- Problem to solve -
Show all lines of the listing that contain the word "está".

- Records supplied -

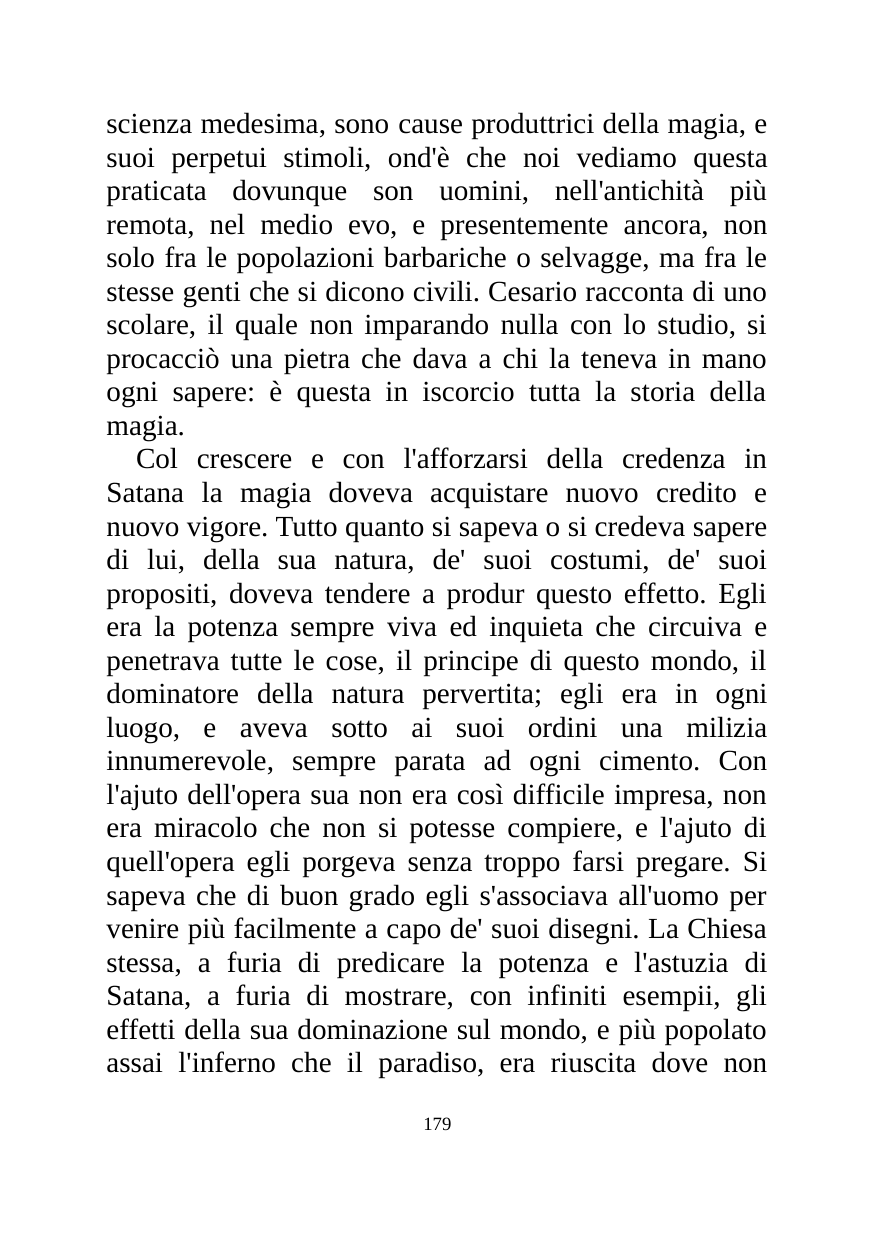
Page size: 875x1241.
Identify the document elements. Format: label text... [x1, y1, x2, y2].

text Col crescere e con l'afforzarsi della credenza in Satana la magia doveva acquistare nuovo credito e nuovo vigore. Tutto quanto si sapeva o si credeva sapere di lui, della sua natura, de' suoi costumi, de' suoi propositi, doveva tendere a produr questo effetto. Egli era la potenza sempre viva ed inquieta che circuiva e penetrava tutte le cose, il principe di questo mondo, il dominatore della natura pervertita; egli era in ogni luogo, e aveva sotto ai suoi ordini una milizia innumerevole, sempre parata ad ogni cimento. Con l'ajuto dell'opera sua non era così difficile impresa, non era miracolo che non si potesse compiere, e l'ajuto di quell'opera egli porgeva senza troppo farsi pregare. Si sapeva che di buon grado egli s'associava all'uomo per venire più facilmente a capo de' suoi disegni. La Chiesa stessa, a furia di predicare la potenza e l'astuzia di Satana, a furia di mostrare, con infiniti esempii, gli effetti della sua dominazione sul mondo, e più popolato assai l'inferno che il paradiso, era riuscita dove non [106, 442, 768, 1079]
text scienza medesima, sono cause produttrici della magia, e suoi perpetui stimoli, ond'è che noi vediamo questa praticata dovunque son uomini, nell'antichità più remota, nel medio evo, e presentemente ancora, non solo fra le popolazioni barbariche o selvagge, ma fra le stesse genti che si dicono civili. Cesario racconta di uno scolare, il quale non imparando nulla con lo studio, si procacciò una pietra che dava a chi la teneva in mano ogni sapere: è questa in iscorcio tutta la storia della magia. [106, 106, 768, 442]
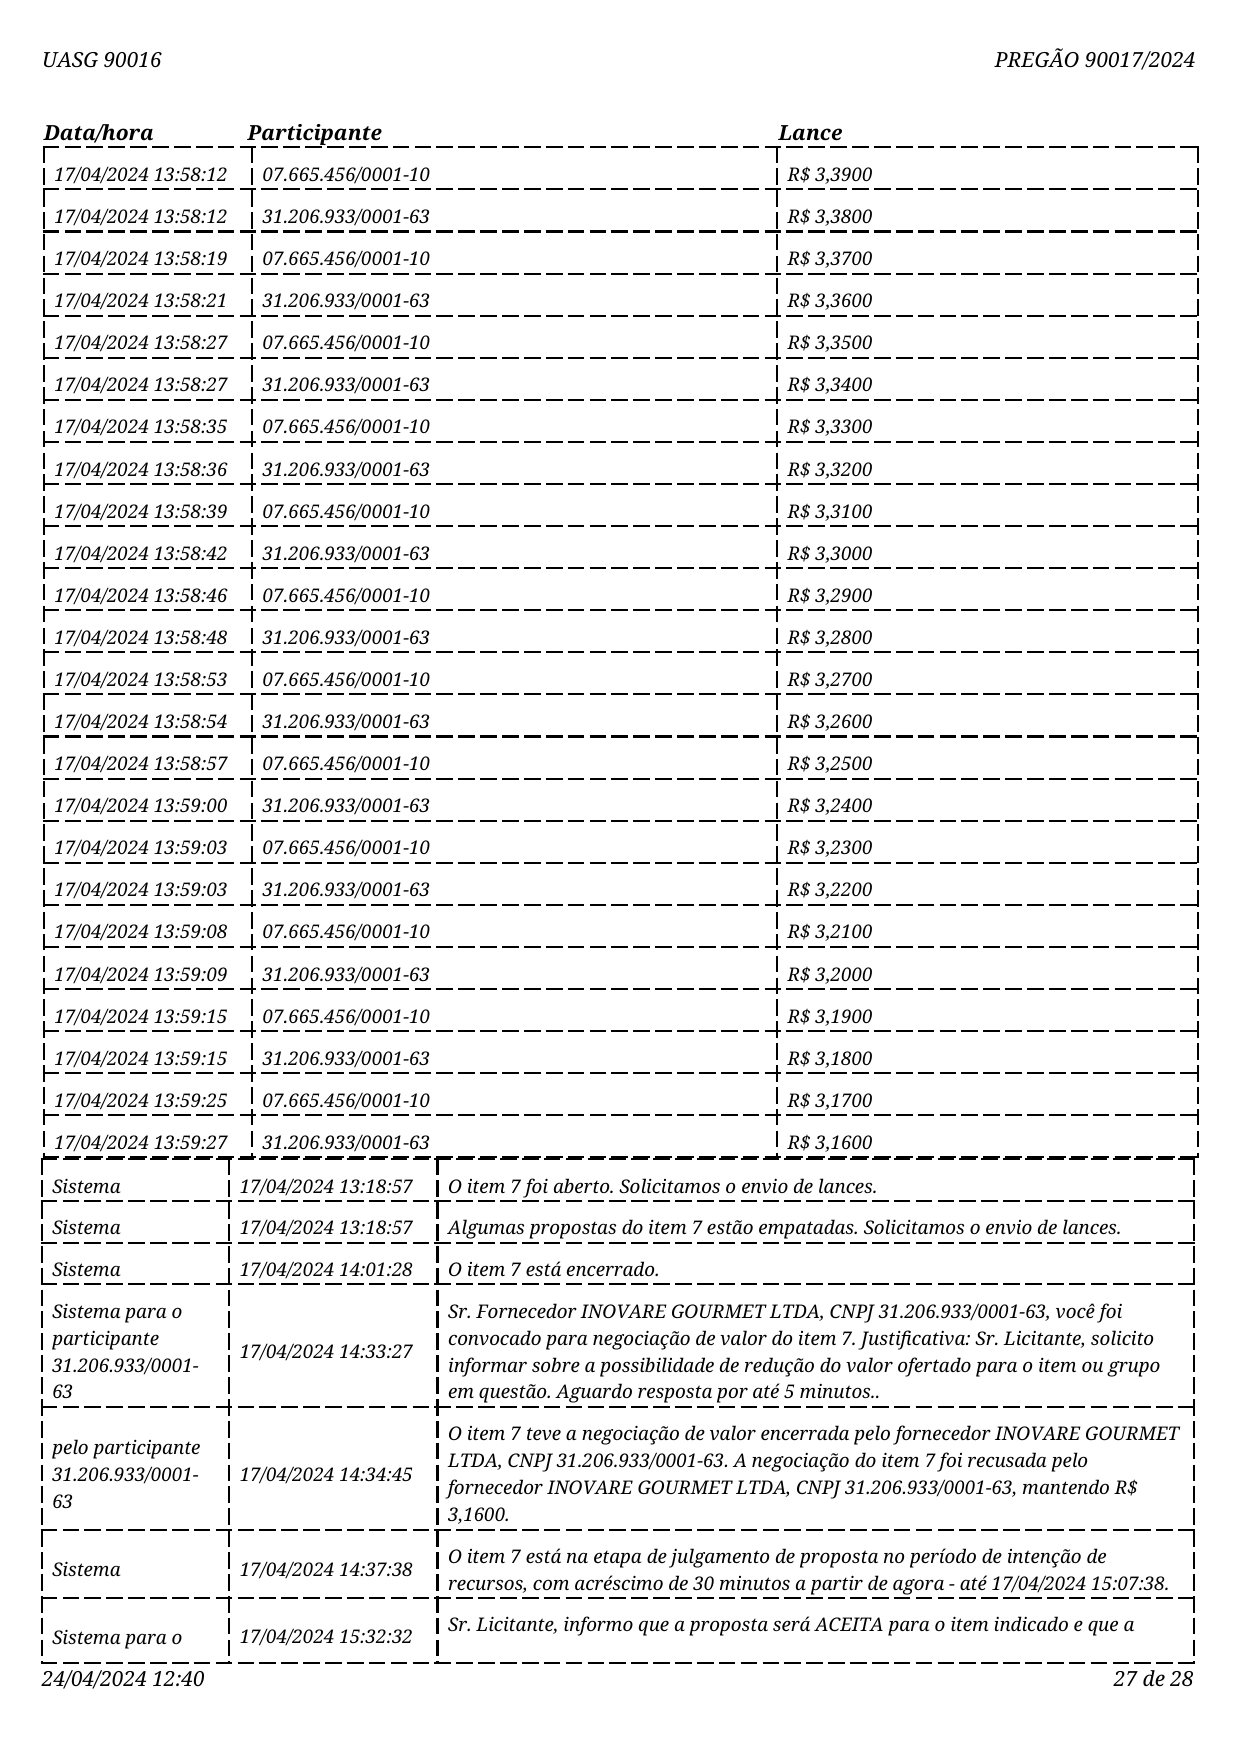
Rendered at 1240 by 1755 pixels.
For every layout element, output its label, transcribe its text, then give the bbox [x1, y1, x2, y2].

table_cell R$ 3,3100 [777, 483, 1198, 525]
table_cell pelo participante 31.206.933/0001-63 [42, 1406, 229, 1528]
table_cell 07.665.456/0001-10 [252, 1072, 777, 1114]
table_cell 17/04/2024 14:33:27 [229, 1283, 437, 1406]
table_cell 17/04/2024 13:59:25 [44, 1072, 252, 1114]
table_cell 17/04/2024 13:59:27 [44, 1114, 252, 1156]
table_cell 31.206.933/0001-63 [252, 357, 777, 399]
table_cell 17/04/2024 13:58:27 [44, 357, 252, 399]
table_cell 17/04/2024 13:58:48 [44, 609, 252, 651]
table_header O item 7 foi aberto. Solicitamos o envio de lances. [438, 1158, 1194, 1200]
table_cell 07.665.456/0001-10 [252, 820, 777, 862]
table_cell 17/04/2024 13:59:03 [44, 862, 252, 904]
table_cell 31.206.933/0001-63 [252, 862, 777, 904]
table_cell R$ 3,3700 [777, 230, 1198, 272]
table_cell R$ 3,3200 [777, 441, 1198, 483]
table_cell 17/04/2024 13:59:00 [44, 778, 252, 819]
table_cell Sr. Licitante, informo que a proposta será ACEITA para o item indicado e que a [438, 1597, 1194, 1662]
table_header Sistema [42, 1158, 229, 1200]
table_cell 07.665.456/0001-10 [252, 567, 777, 609]
table_cell O item 7 está na etapa de julgamento de proposta no período de intenção de recursos, com acréscimo de 30 minutos a partir de agora - até 17/04/2024 15:07:38. [438, 1529, 1194, 1597]
table_cell 07.665.456/0001-10 [252, 904, 777, 946]
table_cell 31.206.933/0001-63 [252, 946, 777, 988]
table_cell Sr. Fornecedor INOVARE GOURMET LTDA, CNPJ 31.206.933/0001-63, você foi convocado para negociação de valor do item 7. Justificativa: Sr. Licitante, solicito informar sobre a possibilidade de redução do valor ofertado para o item ou grupo em questão. Aguardo resposta por até 5 minutos.. [438, 1283, 1194, 1406]
table_cell R$ 3,2200 [777, 862, 1198, 904]
table_cell R$ 3,3800 [777, 188, 1198, 230]
table_cell 17/04/2024 13:59:15 [44, 1030, 252, 1072]
table_cell 17/04/2024 13:59:03 [44, 820, 252, 862]
table_cell 07.665.456/0001-10 [252, 399, 777, 441]
table_cell Algumas propostas do item 7 estão empatadas. Solicitamos o envio de lances. [438, 1200, 1194, 1242]
table_cell 17/04/2024 13:58:42 [44, 525, 252, 567]
table_cell 31.206.933/0001-63 [252, 1030, 777, 1072]
table_cell R$ 3,3500 [777, 315, 1198, 357]
table_cell 31.206.933/0001-63 [252, 693, 777, 735]
table_cell O item 7 teve a negociação de valor encerrada pelo fornecedor INOVARE GOURMET LTDA, CNPJ 31.206.933/0001-63. A negociação do item 7 foi recusada pelo fornecedor INOVARE GOURMET LTDA, CNPJ 31.206.933/0001-63, mantendo R$ 3,1600. [438, 1406, 1194, 1528]
table_cell R$ 3,2600 [777, 693, 1198, 735]
table_cell R$ 3,2300 [777, 820, 1198, 862]
table_cell 31.206.933/0001-63 [252, 273, 777, 314]
table_cell 31.206.933/0001-63 [252, 609, 777, 651]
table_cell Sistema [42, 1242, 229, 1283]
table_cell 07.665.456/0001-10 [252, 651, 777, 693]
table_cell R$ 3,1700 [777, 1072, 1198, 1114]
table_cell O item 7 está encerrado. [438, 1242, 1194, 1283]
table_cell 07.665.456/0001-10 [252, 735, 777, 777]
table_cell 07.665.456/0001-10 [252, 230, 777, 272]
table_cell 07.665.456/0001-10 [252, 315, 777, 357]
table_cell 17/04/2024 15:32:32 [229, 1597, 437, 1662]
table_cell 17/04/2024 13:58:12 [44, 188, 252, 230]
table_cell R$ 3,1600 [777, 1114, 1198, 1156]
table_cell 17/04/2024 13:18:57 [229, 1200, 437, 1242]
table_cell 17/04/2024 13:59:08 [44, 904, 252, 946]
table_cell 31.206.933/0001-63 [252, 1114, 777, 1156]
table_cell 17/04/2024 13:59:15 [44, 988, 252, 1030]
table_cell R$ 3,2900 [777, 567, 1198, 609]
table_cell R$ 3,3400 [777, 357, 1198, 399]
table_cell 17/04/2024 13:58:54 [44, 693, 252, 735]
table_cell 17/04/2024 13:58:35 [44, 399, 252, 441]
table_cell 17/04/2024 13:58:12 [44, 146, 252, 188]
table_cell 31.206.933/0001-63 [252, 188, 777, 230]
table_cell 31.206.933/0001-63 [252, 441, 777, 483]
table_cell R$ 3,3300 [777, 399, 1198, 441]
table_cell 17/04/2024 13:58:46 [44, 567, 252, 609]
table_cell R$ 3,1900 [777, 988, 1198, 1030]
table_cell R$ 3,3000 [777, 525, 1198, 567]
table_cell 07.665.456/0001-10 [252, 988, 777, 1030]
table_cell R$ 3,1800 [777, 1030, 1198, 1072]
table_cell R$ 3,2500 [777, 735, 1198, 777]
table_cell 07.665.456/0001-10 [252, 483, 777, 525]
table_cell 17/04/2024 13:58:57 [44, 735, 252, 777]
table_cell 17/04/2024 13:58:39 [44, 483, 252, 525]
table_cell 17/04/2024 13:59:09 [44, 946, 252, 988]
table_cell 17/04/2024 13:58:27 [44, 315, 252, 357]
table_cell R$ 3,2700 [777, 651, 1198, 693]
table_cell 07.665.456/0001-10 [252, 146, 777, 188]
table_cell Sistema [42, 1200, 229, 1242]
table_cell 17/04/2024 13:58:36 [44, 441, 252, 483]
table_cell 17/04/2024 14:37:38 [229, 1529, 437, 1597]
table_cell R$ 3,2800 [777, 609, 1198, 651]
table_cell 31.206.933/0001-63 [252, 778, 777, 819]
table_cell 17/04/2024 13:58:53 [44, 651, 252, 693]
table_header 17/04/2024 13:18:57 [229, 1158, 437, 1200]
table_cell R$ 3,2400 [777, 778, 1198, 819]
table_cell Sistema [42, 1529, 229, 1597]
table_cell 17/04/2024 14:01:28 [229, 1242, 437, 1283]
table_cell Sistema para o [42, 1597, 229, 1662]
table_cell R$ 3,3900 [777, 146, 1198, 188]
table_cell R$ 3,2000 [777, 946, 1198, 988]
table_cell 17/04/2024 14:34:45 [229, 1406, 437, 1528]
table_cell R$ 3,3600 [777, 273, 1198, 314]
table_cell Sistema para o participante 31.206.933/0001-63 [42, 1283, 229, 1406]
table_cell R$ 3,2100 [777, 904, 1198, 946]
table_cell 31.206.933/0001-63 [252, 525, 777, 567]
table_cell 17/04/2024 13:58:19 [44, 230, 252, 272]
table_cell 17/04/2024 13:58:21 [44, 273, 252, 314]

- Answer area -
table_cell O item 7 está na etapa de julgamento de proposta no período de intenção de recursos, com acréscimo de 30 minutos a partir de agora - até 17/04/2024 15:07:38. [438, 1529, 1194, 1597]
table_cell O item 7 está encerrado. [438, 1242, 1194, 1283]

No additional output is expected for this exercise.